When maintained properly, grease traps prevent your kitchen grease and food waste materials from entering the city sewer system.  Grease is a leading cause of sanitary sewer overflows, since it clogs sanitary sewer lines and ultimately causes line blockages.  The result is all too frequent discharges of untreated wastewater into streets, homes and commercial enterprises.  Ultimately these problematic wastestreams enter our local waterways, where they cause further cleanup costs and restrict recreation, tourism and commerce. Your traps must be regularly emptied and periodically cleaned to prevent costly and dirty back-ups or over-flows.
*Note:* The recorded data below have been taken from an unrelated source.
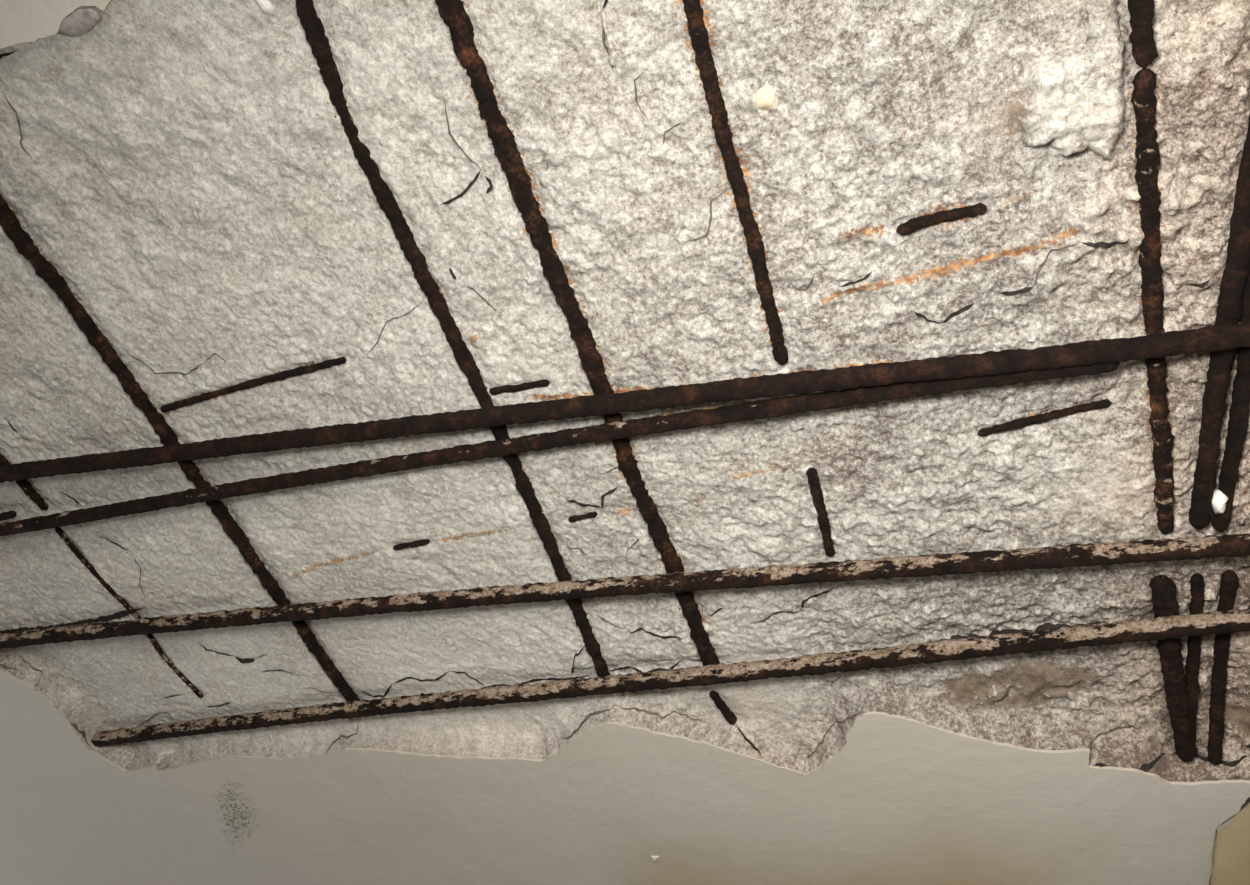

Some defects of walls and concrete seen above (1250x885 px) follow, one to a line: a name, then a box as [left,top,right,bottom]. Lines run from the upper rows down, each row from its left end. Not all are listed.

corrosion [754,86,776,111]
spalling [0,0,1250,532]
corrosion [822,224,1089,304]
corrosion [524,391,594,401]
corrosion [437,528,511,542]
corrosion [292,552,373,578]
spalling [0,348,1250,782]
crack [751,587,837,623]
crack [907,621,1107,646]
crack [196,616,701,697]
crack [563,705,706,739]
crack [736,725,761,754]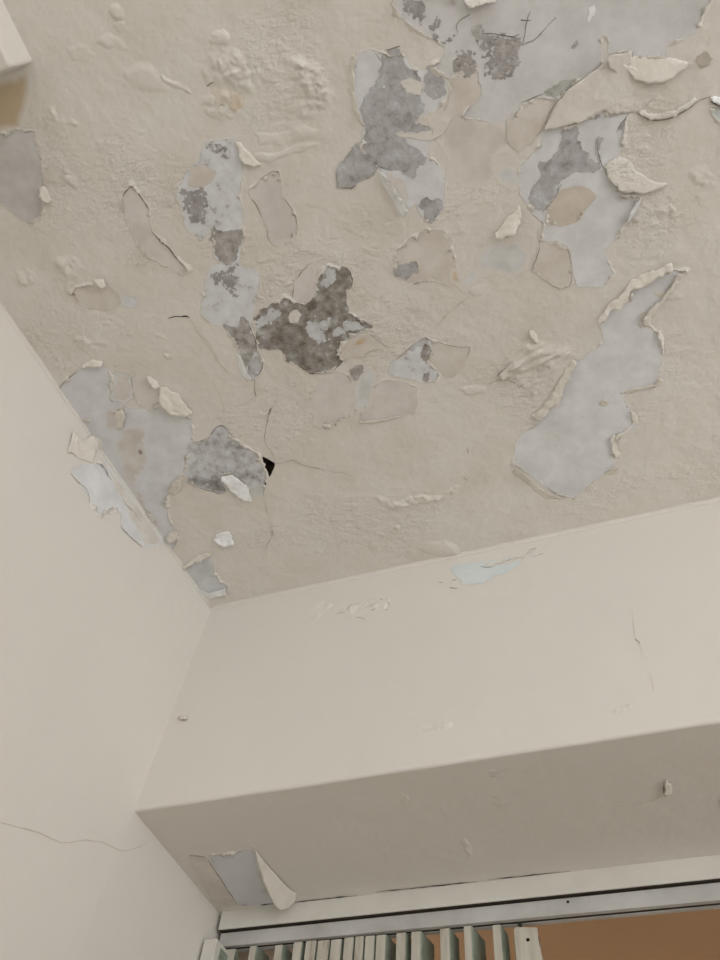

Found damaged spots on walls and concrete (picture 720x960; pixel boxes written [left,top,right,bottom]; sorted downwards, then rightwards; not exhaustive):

peeling [0,127,65,226]
peeling [336,0,714,292]
peeling [119,180,193,278]
flaking render [174,137,373,382]
flaking render [388,336,472,384]
peeling [510,263,691,500]
peeling [60,359,275,552]
peeling [182,531,234,600]
peeling [189,845,296,910]

  1. Your kitchen’s complete plumbing system, including sinks, dishwashers, floor-drains and mop-sinks, drains into the grease trap or grease interceptor system.
  2. Wastewater flows into either an interior or exterior (usually in-ground) grease trap system.  A baffle separates the inlet and outlet of the trap, keeping grease in. 
  3. Grease floats to the top of the grease trap, while solids settle on the bottom. The trap or interceptor must be vacuum pumped regularly by a skilled service provider to remove the entire contents of the trap.
  4. Clean water then continues to flow into your sewer or septic system.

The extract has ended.